In addition, in the embodiment of the present disclosure, when the target pixel is also included in the example of the sampling point, as for sampling points except the target pixel, the weight may be calculated according to the method in the formula (3), and the sum of the weight of these sampling points may be determined as γ. As for the target pixel, the weight may be set to be 2^k−γ. Thus, 2^k is obtained by the addition of the weight of all the sampling points of one target pixel, namely the denominator is 2^k in the formula (1). Thus, the pixel value of the plurality of sampling points may be subjected to weighted average according to the weight sum 2^K. That is to say, rapid calculation may be performed by k-bit right shift method in the case of division operation.

According to one example of the present disclosure, the value of k is relevant to the number of the sampling points. In addition, the value of K is also relevant to the precalculated time domain weight of the sampling point in the formula (3). Therefore, the value of K may be preset according to the number of the sampling points and the time domain weight of the sampling points. For instance, supposing the number of the sampling points excluding the target pixel is n, the time domain weight W_i^s of the i^th sampling point in the formula (3) may be set to be a constant

$\frac{2}{3n},$

the possible maximum of the weight sum γ of the n sampling points is 170, and at this point, the value of k may be 8.

In addition, in the smoothing filter process, an image required for smoothing filter is taken as input data and inputted into a smoothing filter algorithm, and an output image after smoothing filter is obtained. FIG. 3a is a schematic diagram of smoothing filter input and output images. FIG. 3b is a schematic diagram of another smoothing filter input and output image.

In one embodiment of the present disclosure, memory blocks of an input image and an output image are separate, namely input data and output data are separate. For instance, as shown in FIG. 3a, the input data and the output data are separate, and a target pixel P3 in the output image is the weighted average of 3 sampling points D1-D3 in the input image. In the embodiment, the filtering result of each target pixel is not affected by the filtering result of other target pixels.

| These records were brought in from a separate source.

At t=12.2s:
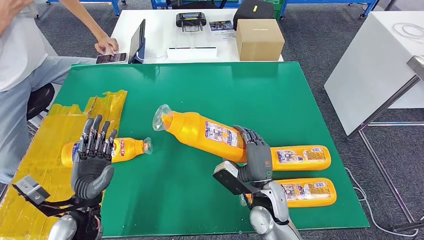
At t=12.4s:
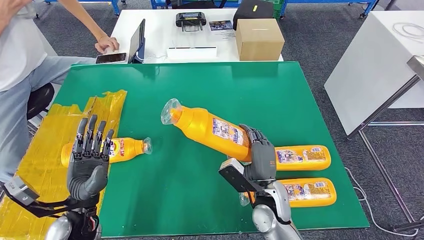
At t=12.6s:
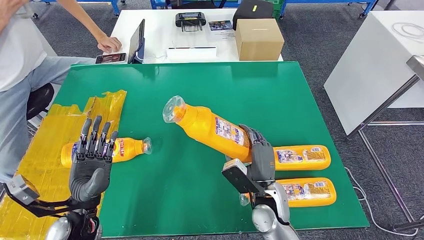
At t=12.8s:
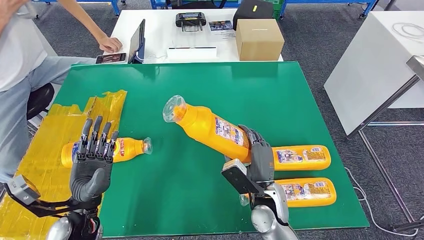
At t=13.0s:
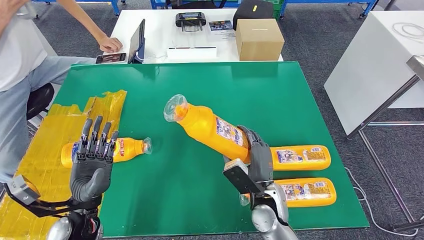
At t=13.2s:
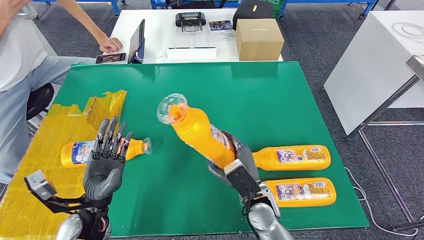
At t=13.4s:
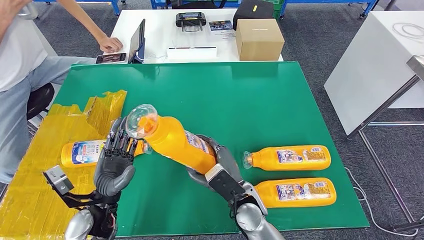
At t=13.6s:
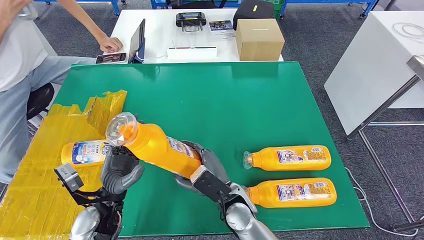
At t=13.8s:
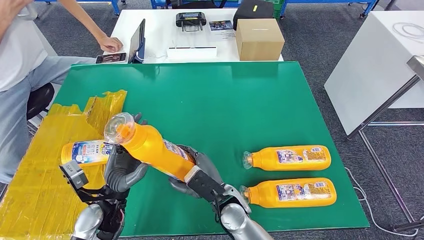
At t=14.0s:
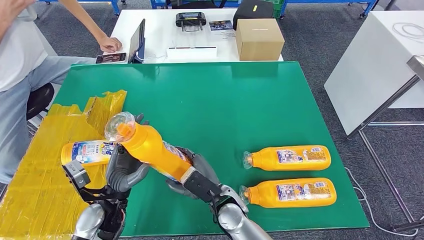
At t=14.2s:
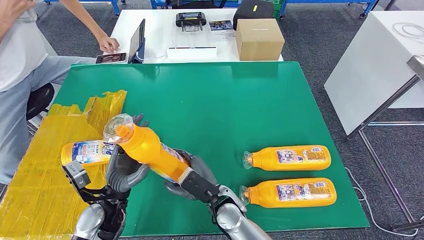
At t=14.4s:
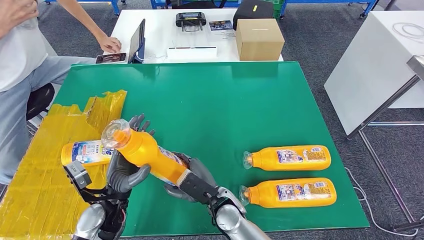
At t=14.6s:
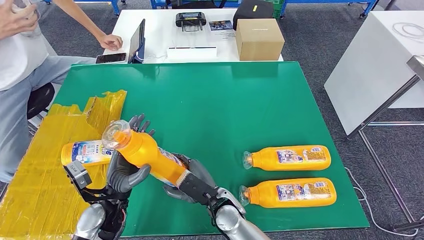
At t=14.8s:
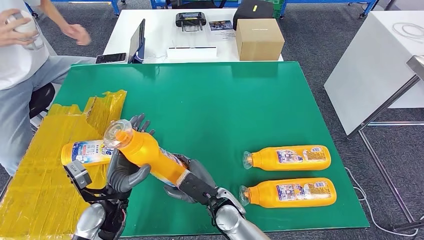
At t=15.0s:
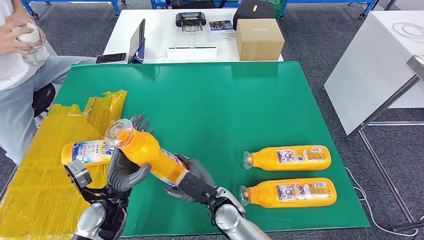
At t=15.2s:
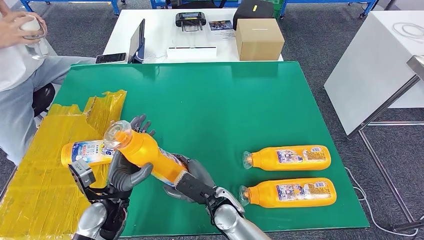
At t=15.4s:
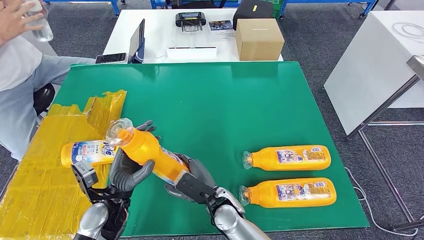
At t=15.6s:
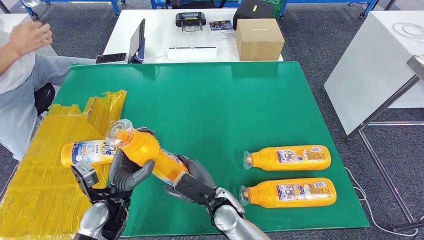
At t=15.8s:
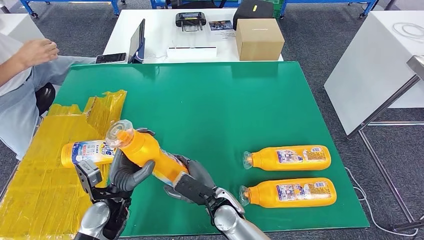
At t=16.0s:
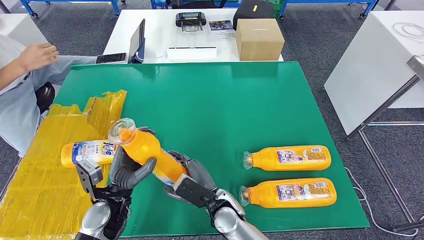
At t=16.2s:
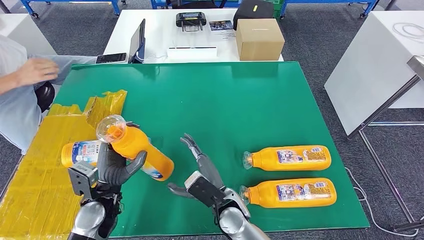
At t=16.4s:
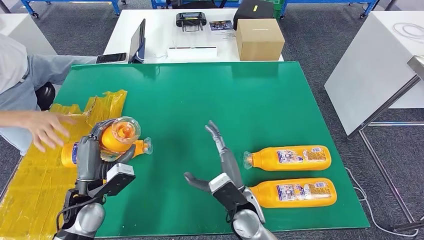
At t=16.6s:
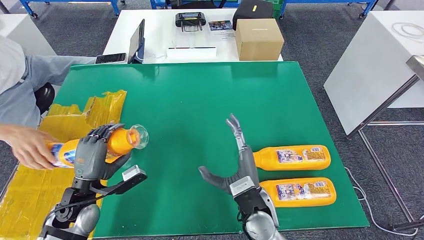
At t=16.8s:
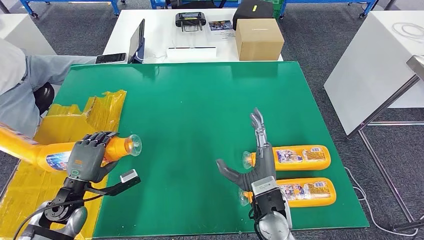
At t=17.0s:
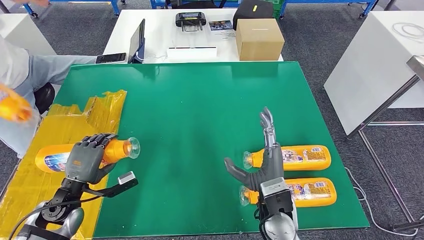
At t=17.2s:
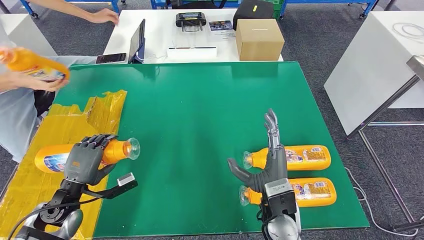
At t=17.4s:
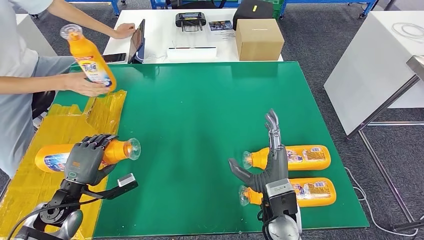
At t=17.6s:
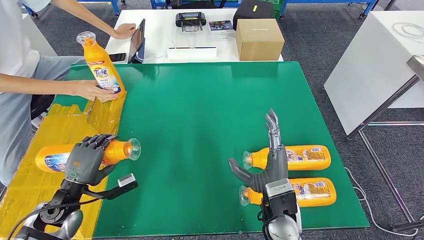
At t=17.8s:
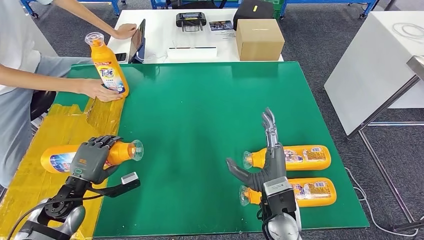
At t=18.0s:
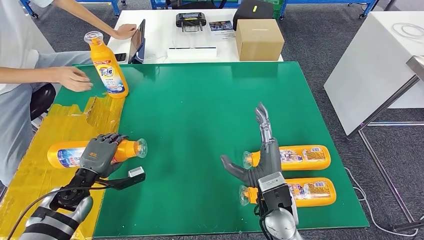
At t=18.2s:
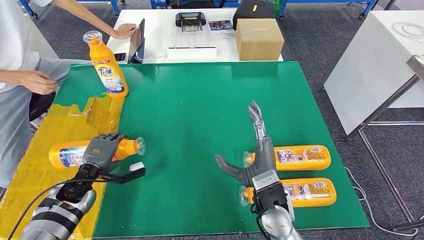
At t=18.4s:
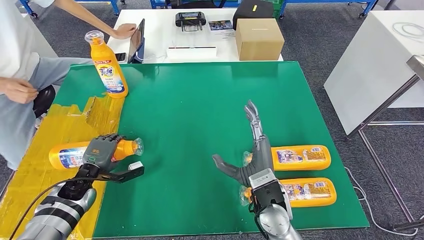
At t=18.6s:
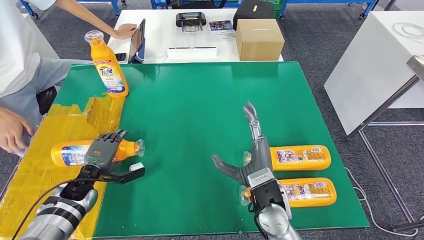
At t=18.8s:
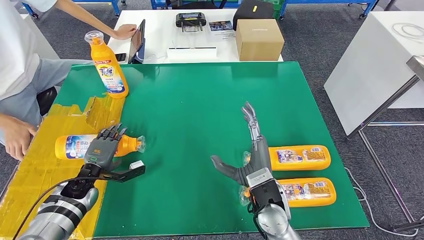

In another embodiment of the present disclosure, the input image and the output image may share one memory block, namely the input data and the output data may perform recursive filtering on each target pixel in the input image sequentially according to specific sequence (e.g., from the top down or from left to right). That is to say, as for one or more target pixels not subjected to smoothing treatment in the at least one target pixel, the plurality of sampling points obtained after sampling the pixels in respective set regions at the periphery of the one or more target pixels include the target pixels obtained after smoothing treatment. For instance, as shown in FIG. 3b, recursive filtering is performed on each target pixel in the input image sequentially according to the sequence from left to right; in the process of performing smoothing filter on P4 in the input image, three sampling points E2, E3 and P4 are selected; the target pixel P4 in the output image is obtained by calculation; and the sampling point E2 is a target pixel obtained after smoothing filter according to E1 and P4. Thus, although the three sampling points are adopted for input as for the target pixel P4 in the smoothing filter image as shown in FIG. 3b, because one sampling point is a target pixel obtained after filtering, it is equivalent to the use of pixel information of a sampling point corresponding to the target pixel after filtering, so it is equivalent to the implied use of pixel information of more sampling points on the premise of not increasing the computing speed and the computational complexity. Therefore, the result of more sampling points can be approximated as much as possible via recursive filtering adopted in the embodiment of the present disclosure, so the effectiveness of the smoothing filter algorithm can be improved and the smoothing filter effect of the image can be better.

The image processing method provided by the embodiment of the present disclosure does not require an additional storage space and only needs to do operation in the memory block of the input image, and meanwhile has rapid operational speed due to algorithm simplification. In actual measurement, an image with the size of 720*1280 in full screen processed on iPhone 6 Plus only requires the computing time of about 8 ms. Moreover, the method can achieve effective skin smoothing effect in actual application and has high practical value.

The image processing method provided by the embodiment of the present disclosure has been described above. Further description will be given below to the image processing device provided by the embodiment of the present disclosure. The image processing device corresponds to the foregoing image processing method. Simple description is only given below for the clarity of the description. More specific content may refer to the content in the above embodiments.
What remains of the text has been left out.